• WHAT YOU HAVE TO DO: For this exercise, transcribe all the records below exactly.

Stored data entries

####################

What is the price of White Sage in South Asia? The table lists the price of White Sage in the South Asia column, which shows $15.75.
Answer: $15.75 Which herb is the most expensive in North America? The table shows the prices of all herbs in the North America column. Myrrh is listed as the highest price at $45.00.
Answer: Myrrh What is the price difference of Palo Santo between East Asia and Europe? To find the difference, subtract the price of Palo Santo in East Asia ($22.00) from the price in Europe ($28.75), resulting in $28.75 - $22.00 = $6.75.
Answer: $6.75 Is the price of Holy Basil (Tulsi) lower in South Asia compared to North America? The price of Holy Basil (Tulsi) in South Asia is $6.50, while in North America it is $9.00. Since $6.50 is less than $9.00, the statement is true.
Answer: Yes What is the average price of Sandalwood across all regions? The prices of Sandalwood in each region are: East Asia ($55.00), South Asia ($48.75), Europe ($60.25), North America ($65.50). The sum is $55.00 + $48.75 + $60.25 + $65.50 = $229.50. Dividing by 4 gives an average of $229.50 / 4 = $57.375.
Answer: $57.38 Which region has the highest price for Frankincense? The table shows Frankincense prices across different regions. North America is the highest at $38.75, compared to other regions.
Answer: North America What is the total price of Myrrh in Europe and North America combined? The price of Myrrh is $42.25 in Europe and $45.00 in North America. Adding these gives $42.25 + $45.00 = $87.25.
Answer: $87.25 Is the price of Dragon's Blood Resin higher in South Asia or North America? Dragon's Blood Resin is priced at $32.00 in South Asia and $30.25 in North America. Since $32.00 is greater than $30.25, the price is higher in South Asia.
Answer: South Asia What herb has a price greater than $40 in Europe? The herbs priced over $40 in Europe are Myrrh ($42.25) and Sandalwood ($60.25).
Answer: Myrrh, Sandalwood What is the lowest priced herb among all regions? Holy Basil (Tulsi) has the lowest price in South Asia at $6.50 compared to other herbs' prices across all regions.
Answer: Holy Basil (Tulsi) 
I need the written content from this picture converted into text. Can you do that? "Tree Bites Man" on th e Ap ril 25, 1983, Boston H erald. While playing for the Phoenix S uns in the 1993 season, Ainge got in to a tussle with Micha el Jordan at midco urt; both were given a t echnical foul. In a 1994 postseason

####################

• YOUR SOLUTION:
What is the price of White Sage in South Asia? The table lists the price of White Sage in the South Asia column, which shows $15.75.
Answer: $15.75 Which herb is the most expensive in North America? The table shows the prices of all herbs in the North America column. Myrrh is listed as the highest price at $45.00.
Answer: Myrrh What is the price difference of Palo Santo between East Asia and Europe? To find the difference, subtract the price of Palo Santo in East Asia ($22.00) from the price in Europe ($28.75), resulting in $28.75 - $22.00 = $6.75.
Answer: $6.75 Is the price of Holy Basil (Tulsi) lower in South Asia compared to North America? The price of Holy Basil (Tulsi) in South Asia is $6.50, while in North America it is $9.00. Since $6.50 is less than $9.00, the statement is true.
Answer: Yes What is the average price of Sandalwood across all regions? The prices of Sandalwood in each region are: East Asia ($55.00), South Asia ($48.75), Europe ($60.25), North America ($65.50). The sum is $55.00 + $48.75 + $60.25 + $65.50 = $229.50. Dividing by 4 gives an average of $229.50 / 4 = $57.375.
Answer: $57.38 Which region has the highest price for Frankincense? The table shows Frankincense prices across different regions. North America is the highest at $38.75, compared to other regions.
Answer: North America What is the total price of Myrrh in Europe and North America combined? The price of Myrrh is $42.25 in Europe and $45.00 in North America. Adding these gives $42.25 + $45.00 = $87.25.
Answer: $87.25 Is the price of Dragon's Blood Resin higher in South Asia or North America? Dragon's Blood Resin is priced at $32.00 in South Asia and $30.25 in North America. Since $32.00 is greater than $30.25, the price is higher in South Asia.
Answer: South Asia What herb has a price greater than $40 in Europe? The herbs priced over $40 in Europe are Myrrh ($42.25) and Sandalwood ($60.25).
Answer: Myrrh, Sandalwood What is the lowest priced herb among all regions? Holy Basil (Tulsi) has the lowest price in South Asia at $6.50 compared to other herbs' prices across all regions.
Answer: Holy Basil (Tulsi) 
I need the written content from this picture converted into text. Can you do that? "Tree Bites Man" on th e Ap ril 25, 1983, Boston H erald. While playing for the Phoenix S uns in the 1993 season, Ainge got in to a tussle with Micha el Jordan at midco urt; both were given a t echnical foul. In a 1994 postseason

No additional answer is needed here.